26/10/2012 09:53:35

Il consigliere Daidone presenta un'interpellanza sulla strada provinciale 3, la "Ericina"

Scrive Daidone:

"Non mi soffermo sulla situazione generale della strada che richiederebbe non pochi interventi, ad iniziare da una pulizia dei cigli stradali piene di erbacce e detriti vari che si accumulano durante le stagioni, a interventi manutentivi di migliore percorribilità di certi tratti, invece richiamo l’attenzione su particolari e specifici interventi inderogabili che oggi presentano, a parere del sottoscritto, una situazione di imminente pericolo, tra i quali:
- non procrastinabili interventi su muretti a secco che costeggiano alcuni tratti di strada, i quali presentano situazioni di pericolo in quanto potrebbero rovinosamente aprirsi e ricoprire tratti di strada;
-immediato ripristino funzionalità strada franata con apertura di una falla che presenta uno squarcio dal ciglio della strada e che tira un terzo della carreggiata obbligando la percorrenza ad una sola corsia, con il pericolo, non tanto remoto, di possibile allargamento della frana che potrebbe far precipitare i materiali su fabbricato sottostante corrispondente alla camera mortuaria del cimitero di Erice;
- eliminazione dello smottamento di un breve tratto di strada nella prima parte a salire in direzione di Erice vetta ( oggi evidenziato da nastro rosso che ne circoscrive l’area).

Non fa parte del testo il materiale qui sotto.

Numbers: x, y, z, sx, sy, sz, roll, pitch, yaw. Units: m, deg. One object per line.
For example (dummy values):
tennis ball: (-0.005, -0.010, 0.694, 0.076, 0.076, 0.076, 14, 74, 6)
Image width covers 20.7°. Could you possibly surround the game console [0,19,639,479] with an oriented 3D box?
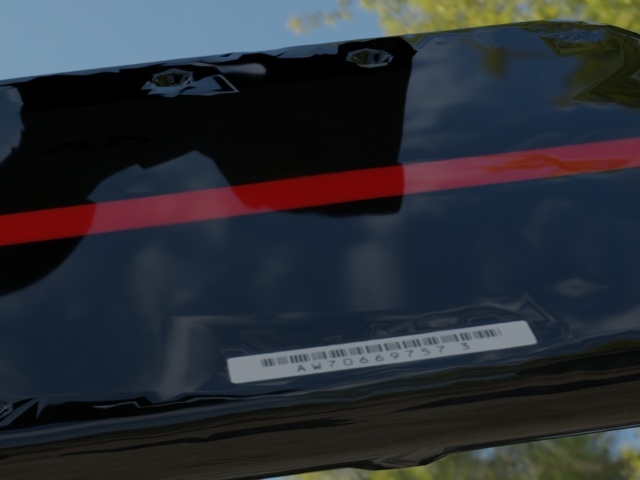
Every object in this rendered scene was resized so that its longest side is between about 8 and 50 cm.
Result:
game console: (0.000, 0.000, 0.716, 0.387, 0.342, 0.060, -8, -63, -7)

Tali situazioni rendono di difficile percorrenza la strada citata , utilizzata per lo più dai cittadini che desiderano raggiungere il cimitero di Erice; senza trascurare che viene utilizzata anche per raggiungere Erice vetta da molti turisti e non.

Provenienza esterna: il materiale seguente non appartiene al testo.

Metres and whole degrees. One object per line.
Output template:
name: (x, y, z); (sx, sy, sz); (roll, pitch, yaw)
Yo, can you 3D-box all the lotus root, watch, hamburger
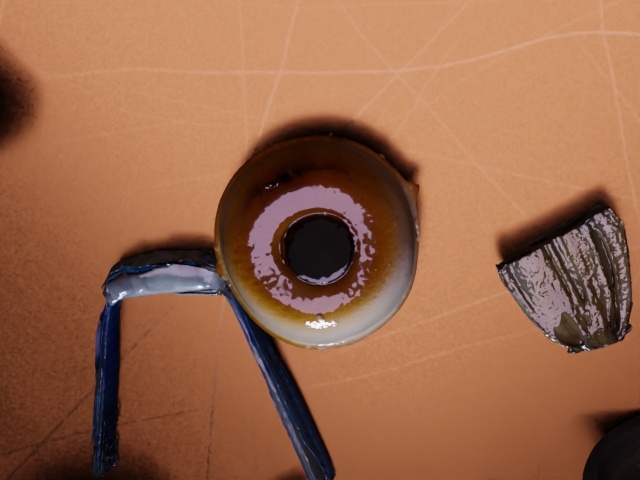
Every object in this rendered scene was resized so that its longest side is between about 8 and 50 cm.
lotus root: (0.271, 0.048, 1.729); (0.143, 0.070, 0.144); (-22, 99, 5)
watch: (-0.117, 0.148, 1.793); (0.276, 0.068, 0.274); (3, 105, 3)
hamburger: (-0.005, 0.000, 1.701); (0.237, 0.147, 0.236); (0, 93, 1)

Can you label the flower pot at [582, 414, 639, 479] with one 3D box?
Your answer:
flower pot: (0.404, 0.306, 1.733); (0.235, 0.235, 0.148); (-5, 126, 7)

Mi permetto evidenziare che le piogge torrenziali delle prossime stagioni autunnale e, ancora maggiore, invernale causeranno con certezza una maggiore situazione di pericolo esplodendo l’area di smottamento.
Non voglio trascurare i possibili pericoli di pubblica incolumità incombenti su veicoli e persone che potrebbero trovarsi coinvolti nei tratti indicati a causa delle piogge, non trascurando di sottolineare che allargandosi l’area di intervento, di riflesso, accresceranno con certezza gli oneri finanziari occorrenti per manutenderla.
Alla luce di quanto segnalato si interpella la S.V. per chiederLe se non ritiene sia il caso di far predisporre nel più breve tempo possibile una perizia agli uffici preposti intervenendo possibilmente con la programmazione di lavori da eseguire con somma urgenza e superare le situazioni di pericolo incombente.